§ WHAT TO PRODUCE: Exactly the lines from the one containing "Taken on a running" through the one containing "a) in view 1, number" in the listing below are to be copied, with the pictures left out.

§ DATA FOR THE TASK:
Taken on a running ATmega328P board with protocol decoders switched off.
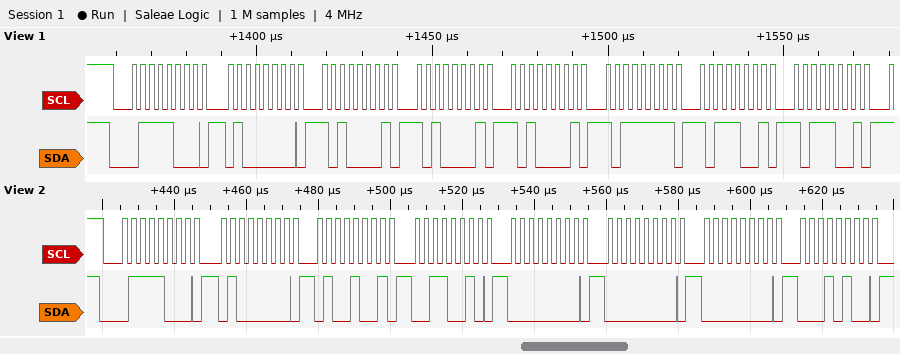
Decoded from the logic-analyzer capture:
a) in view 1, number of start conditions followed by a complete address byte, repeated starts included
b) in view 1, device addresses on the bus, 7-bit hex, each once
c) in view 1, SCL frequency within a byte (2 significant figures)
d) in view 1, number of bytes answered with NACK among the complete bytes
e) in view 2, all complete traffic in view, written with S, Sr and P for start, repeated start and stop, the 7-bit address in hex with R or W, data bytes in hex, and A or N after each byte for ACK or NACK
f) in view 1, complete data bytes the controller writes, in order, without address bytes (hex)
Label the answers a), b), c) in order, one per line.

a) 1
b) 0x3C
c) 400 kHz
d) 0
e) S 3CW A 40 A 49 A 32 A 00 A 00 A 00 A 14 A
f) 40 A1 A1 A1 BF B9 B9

==

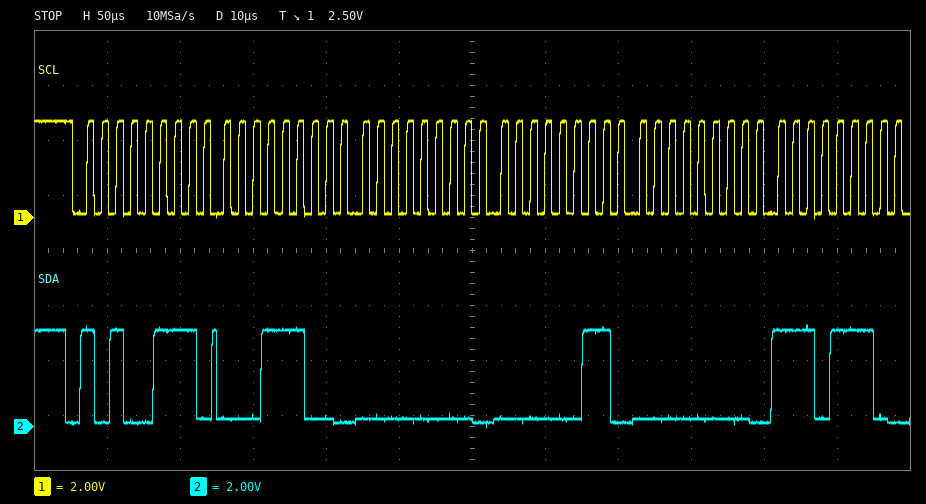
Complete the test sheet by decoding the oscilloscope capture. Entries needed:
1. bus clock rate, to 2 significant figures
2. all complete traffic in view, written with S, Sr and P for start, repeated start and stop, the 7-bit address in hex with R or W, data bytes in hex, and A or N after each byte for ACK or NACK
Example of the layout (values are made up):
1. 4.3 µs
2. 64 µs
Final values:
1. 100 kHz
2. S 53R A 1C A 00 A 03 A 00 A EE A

§ SOLUTION TO THIS EXERCISE:
Taken on a running ATmega328P board with protocol decoders switched off.
Decoded from the logic-analyzer capture:
a) in view 1, number of start conditions followed by a complete address byte, repeated starts included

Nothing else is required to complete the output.